◆ Exercise prompt ◆
An exact copy of all the data below is needed, without its pictures.
═════ Data excerpt
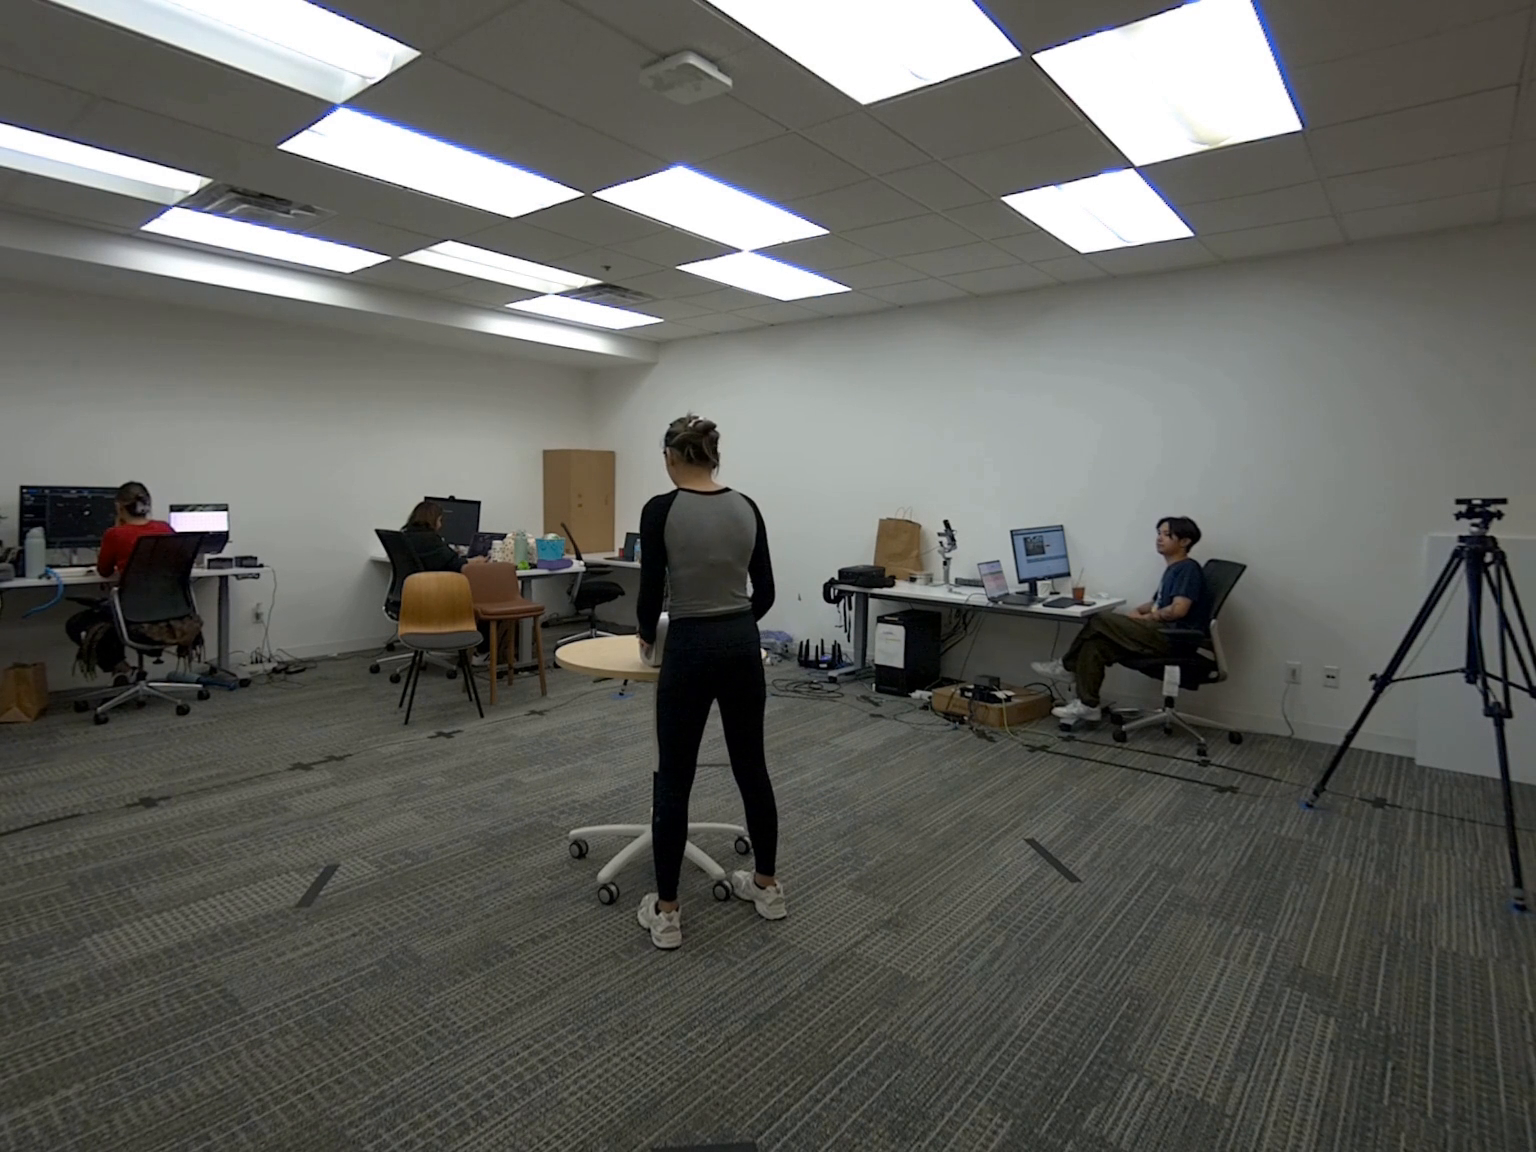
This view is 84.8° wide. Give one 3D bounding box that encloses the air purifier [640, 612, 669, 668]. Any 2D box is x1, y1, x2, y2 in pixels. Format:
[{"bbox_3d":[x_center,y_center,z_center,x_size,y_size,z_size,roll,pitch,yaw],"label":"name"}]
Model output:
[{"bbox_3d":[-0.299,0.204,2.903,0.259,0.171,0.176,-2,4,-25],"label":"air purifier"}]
══════════
◆ Task solution ◆
This view is 84.8° wide. Give one 3D bounding box that encloses the air purifier [640, 612, 669, 668]. Any 2D box is x1, y1, x2, y2 in pixels. Format:
[{"bbox_3d":[x_center,y_center,z_center,x_size,y_size,z_size,roll,pitch,yaw],"label":"name"}]
Model output:
[{"bbox_3d":[-0.299,0.204,2.903,0.259,0.171,0.176,-2,4,-25],"label":"air purifier"}]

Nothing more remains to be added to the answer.